§ Aim of the task
Copy out every line in the entries below that includes "size".

(Extracted records)

%%

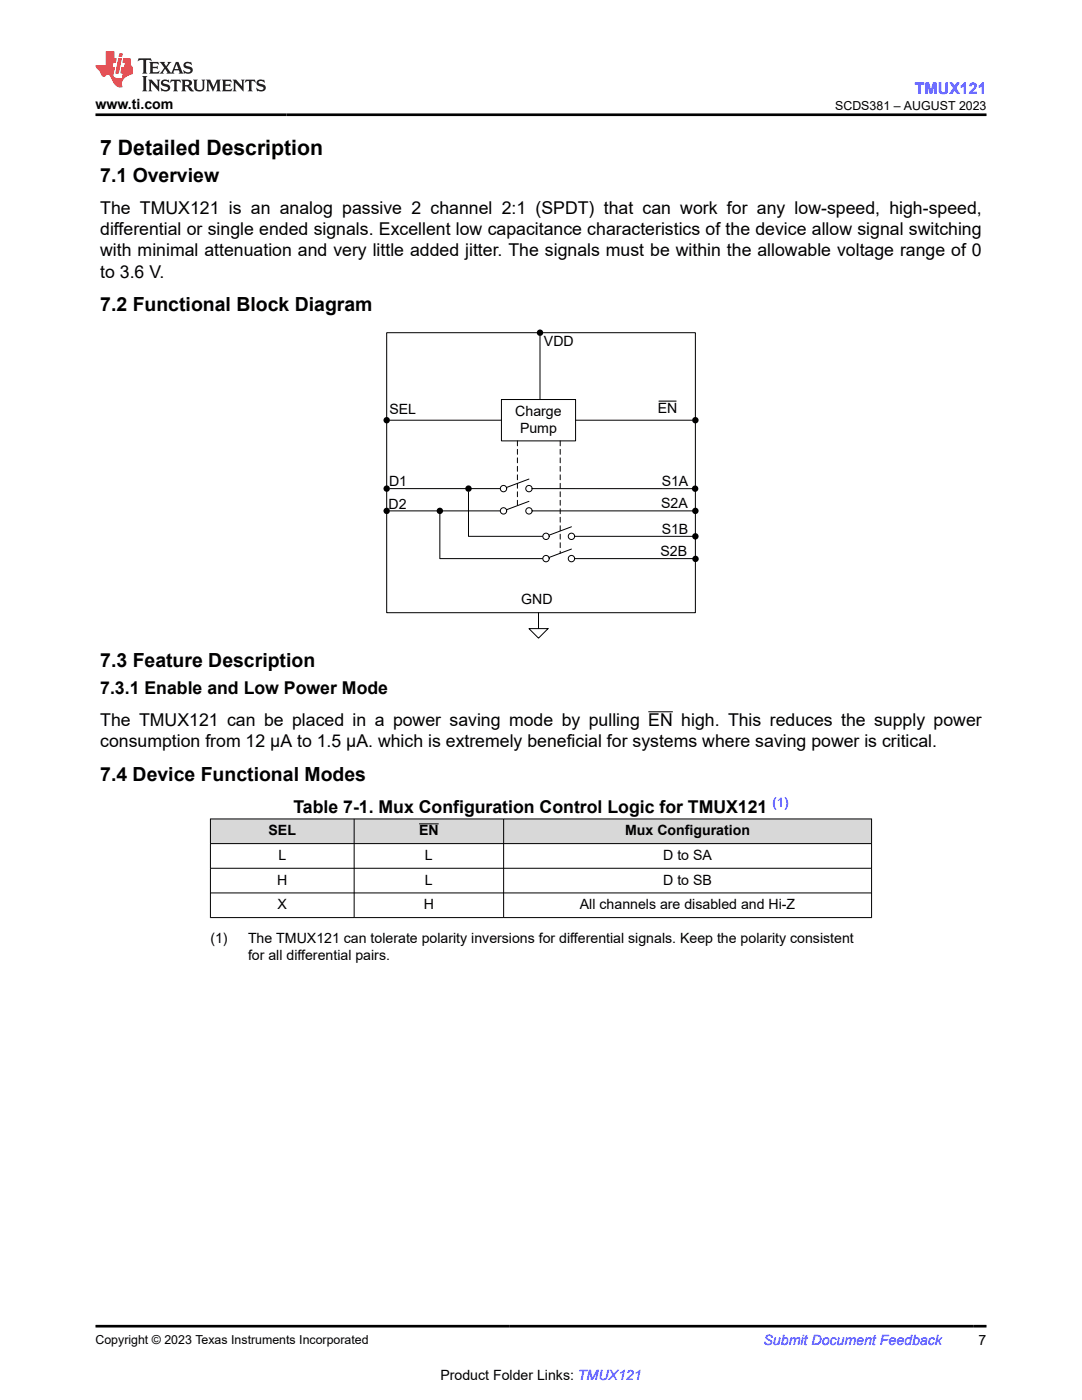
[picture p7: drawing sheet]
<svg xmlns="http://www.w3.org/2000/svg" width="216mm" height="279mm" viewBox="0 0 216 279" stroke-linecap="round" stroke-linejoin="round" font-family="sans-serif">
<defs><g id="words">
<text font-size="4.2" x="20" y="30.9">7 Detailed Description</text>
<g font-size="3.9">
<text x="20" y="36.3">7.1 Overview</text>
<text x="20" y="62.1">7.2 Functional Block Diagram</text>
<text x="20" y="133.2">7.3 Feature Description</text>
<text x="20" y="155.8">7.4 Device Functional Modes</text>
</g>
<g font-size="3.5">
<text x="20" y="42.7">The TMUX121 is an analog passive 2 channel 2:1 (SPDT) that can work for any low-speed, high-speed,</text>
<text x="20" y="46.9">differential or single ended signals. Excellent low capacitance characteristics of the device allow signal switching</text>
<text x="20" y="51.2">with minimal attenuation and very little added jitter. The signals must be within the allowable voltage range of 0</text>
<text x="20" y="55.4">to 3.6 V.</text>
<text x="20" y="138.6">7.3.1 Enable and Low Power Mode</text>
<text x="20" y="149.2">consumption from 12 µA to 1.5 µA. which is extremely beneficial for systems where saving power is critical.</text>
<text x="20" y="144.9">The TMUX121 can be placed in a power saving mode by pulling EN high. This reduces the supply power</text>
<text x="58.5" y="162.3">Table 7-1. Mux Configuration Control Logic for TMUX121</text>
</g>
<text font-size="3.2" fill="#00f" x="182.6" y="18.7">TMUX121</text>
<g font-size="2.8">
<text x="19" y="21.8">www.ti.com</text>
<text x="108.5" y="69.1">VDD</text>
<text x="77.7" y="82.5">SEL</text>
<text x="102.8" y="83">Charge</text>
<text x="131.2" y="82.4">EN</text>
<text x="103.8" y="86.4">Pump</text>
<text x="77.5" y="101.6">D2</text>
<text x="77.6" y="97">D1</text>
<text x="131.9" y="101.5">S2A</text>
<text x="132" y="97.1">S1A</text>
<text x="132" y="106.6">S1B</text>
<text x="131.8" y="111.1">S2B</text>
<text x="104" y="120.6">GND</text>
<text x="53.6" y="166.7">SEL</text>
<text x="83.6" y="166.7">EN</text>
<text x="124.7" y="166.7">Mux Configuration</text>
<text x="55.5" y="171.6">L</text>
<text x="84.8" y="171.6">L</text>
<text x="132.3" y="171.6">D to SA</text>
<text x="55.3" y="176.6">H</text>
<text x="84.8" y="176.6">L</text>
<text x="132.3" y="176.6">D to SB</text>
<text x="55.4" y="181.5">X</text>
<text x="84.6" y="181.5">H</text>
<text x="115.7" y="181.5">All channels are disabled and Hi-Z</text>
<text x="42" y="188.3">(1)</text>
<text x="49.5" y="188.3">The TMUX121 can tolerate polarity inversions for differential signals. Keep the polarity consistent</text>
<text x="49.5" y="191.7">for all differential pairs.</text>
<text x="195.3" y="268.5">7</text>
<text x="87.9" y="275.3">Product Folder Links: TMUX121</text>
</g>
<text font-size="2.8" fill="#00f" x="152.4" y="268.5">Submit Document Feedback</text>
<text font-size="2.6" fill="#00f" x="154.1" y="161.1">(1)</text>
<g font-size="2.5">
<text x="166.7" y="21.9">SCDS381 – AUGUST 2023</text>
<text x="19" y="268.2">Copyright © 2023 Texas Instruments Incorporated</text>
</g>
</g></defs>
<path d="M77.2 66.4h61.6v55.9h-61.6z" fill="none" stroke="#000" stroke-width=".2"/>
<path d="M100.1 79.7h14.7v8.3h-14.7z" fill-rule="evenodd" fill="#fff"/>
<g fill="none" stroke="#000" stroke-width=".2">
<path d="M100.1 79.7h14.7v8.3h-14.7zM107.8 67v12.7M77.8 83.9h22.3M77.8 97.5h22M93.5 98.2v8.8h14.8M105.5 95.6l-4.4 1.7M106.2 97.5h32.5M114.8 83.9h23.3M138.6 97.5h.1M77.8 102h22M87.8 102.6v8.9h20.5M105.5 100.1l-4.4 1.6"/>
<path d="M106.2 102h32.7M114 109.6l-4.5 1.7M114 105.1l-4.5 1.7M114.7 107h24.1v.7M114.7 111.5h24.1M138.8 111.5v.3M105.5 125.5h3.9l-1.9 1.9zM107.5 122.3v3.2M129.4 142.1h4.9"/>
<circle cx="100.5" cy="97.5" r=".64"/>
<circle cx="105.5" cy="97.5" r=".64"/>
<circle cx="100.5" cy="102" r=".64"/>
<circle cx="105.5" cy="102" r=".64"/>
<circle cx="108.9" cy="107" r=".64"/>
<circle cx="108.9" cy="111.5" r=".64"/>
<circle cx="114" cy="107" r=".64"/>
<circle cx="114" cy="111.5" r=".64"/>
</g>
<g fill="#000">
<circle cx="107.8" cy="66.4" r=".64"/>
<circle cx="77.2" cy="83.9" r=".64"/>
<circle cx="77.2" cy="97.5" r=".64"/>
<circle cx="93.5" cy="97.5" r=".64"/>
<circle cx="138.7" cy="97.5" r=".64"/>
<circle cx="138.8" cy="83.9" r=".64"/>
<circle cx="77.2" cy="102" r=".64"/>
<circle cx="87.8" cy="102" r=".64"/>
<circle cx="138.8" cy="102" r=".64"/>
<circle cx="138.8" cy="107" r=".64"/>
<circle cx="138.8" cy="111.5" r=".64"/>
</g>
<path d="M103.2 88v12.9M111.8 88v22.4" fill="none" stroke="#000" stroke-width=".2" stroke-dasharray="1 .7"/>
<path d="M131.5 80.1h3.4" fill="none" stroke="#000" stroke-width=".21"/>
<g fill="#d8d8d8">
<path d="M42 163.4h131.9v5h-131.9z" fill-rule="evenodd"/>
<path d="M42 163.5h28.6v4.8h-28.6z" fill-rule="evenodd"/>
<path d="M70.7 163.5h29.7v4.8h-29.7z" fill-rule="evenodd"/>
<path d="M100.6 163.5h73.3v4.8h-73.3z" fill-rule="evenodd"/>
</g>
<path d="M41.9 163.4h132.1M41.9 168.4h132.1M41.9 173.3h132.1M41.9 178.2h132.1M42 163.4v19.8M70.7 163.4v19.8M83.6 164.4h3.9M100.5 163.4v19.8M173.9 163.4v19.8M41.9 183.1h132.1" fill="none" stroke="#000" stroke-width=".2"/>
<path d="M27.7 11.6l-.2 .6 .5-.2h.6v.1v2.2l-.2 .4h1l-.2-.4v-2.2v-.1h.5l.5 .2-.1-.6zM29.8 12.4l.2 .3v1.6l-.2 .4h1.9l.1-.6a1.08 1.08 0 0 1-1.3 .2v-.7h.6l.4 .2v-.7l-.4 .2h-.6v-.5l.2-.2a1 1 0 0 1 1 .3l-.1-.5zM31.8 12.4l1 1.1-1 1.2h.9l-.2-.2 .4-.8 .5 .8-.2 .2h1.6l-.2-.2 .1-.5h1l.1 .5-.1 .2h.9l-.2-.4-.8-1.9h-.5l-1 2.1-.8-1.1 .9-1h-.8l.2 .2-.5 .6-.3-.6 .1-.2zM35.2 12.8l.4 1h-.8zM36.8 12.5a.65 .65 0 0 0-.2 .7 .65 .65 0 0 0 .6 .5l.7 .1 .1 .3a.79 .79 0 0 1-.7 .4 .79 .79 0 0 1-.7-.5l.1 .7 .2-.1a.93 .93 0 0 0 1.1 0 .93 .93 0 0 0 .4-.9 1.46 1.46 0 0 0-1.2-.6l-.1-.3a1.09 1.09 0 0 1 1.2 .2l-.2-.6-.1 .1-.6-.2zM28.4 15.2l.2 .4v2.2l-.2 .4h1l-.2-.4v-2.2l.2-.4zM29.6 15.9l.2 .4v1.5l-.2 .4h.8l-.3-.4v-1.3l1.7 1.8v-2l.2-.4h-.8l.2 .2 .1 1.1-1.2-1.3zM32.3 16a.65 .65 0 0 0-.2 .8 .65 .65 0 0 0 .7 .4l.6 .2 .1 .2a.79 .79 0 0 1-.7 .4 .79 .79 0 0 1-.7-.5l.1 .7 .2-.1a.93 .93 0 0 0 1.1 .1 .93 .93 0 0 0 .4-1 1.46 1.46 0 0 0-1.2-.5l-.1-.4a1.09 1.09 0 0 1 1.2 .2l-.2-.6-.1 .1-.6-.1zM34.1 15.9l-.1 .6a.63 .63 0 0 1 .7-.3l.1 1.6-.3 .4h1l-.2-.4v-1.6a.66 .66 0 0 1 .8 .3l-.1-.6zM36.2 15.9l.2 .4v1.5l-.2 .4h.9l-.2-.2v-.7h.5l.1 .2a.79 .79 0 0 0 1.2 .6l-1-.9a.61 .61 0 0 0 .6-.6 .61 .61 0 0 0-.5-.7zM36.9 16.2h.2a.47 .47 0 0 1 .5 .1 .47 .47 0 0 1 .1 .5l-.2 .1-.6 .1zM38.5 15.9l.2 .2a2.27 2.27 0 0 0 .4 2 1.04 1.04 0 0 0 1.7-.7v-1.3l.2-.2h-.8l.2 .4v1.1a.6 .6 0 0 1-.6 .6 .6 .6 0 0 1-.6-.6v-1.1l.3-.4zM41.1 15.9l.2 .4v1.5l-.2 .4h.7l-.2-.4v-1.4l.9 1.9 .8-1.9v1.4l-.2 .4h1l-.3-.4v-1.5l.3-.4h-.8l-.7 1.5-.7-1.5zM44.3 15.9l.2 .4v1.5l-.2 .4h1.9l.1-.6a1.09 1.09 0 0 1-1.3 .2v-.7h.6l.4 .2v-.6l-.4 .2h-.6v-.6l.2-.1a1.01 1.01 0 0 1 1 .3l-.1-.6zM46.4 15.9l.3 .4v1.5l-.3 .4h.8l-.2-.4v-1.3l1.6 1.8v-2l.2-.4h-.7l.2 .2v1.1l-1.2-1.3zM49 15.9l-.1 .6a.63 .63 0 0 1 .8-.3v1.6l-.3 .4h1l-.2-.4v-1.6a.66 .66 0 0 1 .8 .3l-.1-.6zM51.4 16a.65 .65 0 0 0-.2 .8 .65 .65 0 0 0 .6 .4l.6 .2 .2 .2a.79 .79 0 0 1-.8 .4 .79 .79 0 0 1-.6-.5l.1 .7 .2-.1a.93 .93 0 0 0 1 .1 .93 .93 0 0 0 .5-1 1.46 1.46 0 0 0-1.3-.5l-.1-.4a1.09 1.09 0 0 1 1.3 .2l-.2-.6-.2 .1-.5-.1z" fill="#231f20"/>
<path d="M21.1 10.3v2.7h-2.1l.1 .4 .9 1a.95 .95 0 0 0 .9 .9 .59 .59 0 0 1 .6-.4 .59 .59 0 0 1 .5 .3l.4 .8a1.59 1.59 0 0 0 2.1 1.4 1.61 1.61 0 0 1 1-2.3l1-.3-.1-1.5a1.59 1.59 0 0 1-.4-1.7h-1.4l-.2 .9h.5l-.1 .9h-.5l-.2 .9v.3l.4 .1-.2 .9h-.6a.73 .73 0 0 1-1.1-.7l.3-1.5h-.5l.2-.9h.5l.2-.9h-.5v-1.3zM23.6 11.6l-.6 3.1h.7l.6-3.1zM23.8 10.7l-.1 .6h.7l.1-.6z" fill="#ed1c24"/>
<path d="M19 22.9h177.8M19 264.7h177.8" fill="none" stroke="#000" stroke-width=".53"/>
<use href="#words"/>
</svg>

%%

§ Your response
<text font-size="4.2" x="20" y="30.9">7 Detailed Description</text>
<g font-size="3.9">
<g font-size="3.5">
<text font-size="3.2" fill="#00f" x="182.6" y="18.7">TMUX121</text>
<g font-size="2.8">
<text font-size="2.8" fill="#00f" x="152.4" y="268.5">Submit Document Feedback</text>
<text font-size="2.6" fill="#00f" x="154.1" y="161.1">(1)</text>
<g font-size="2.5">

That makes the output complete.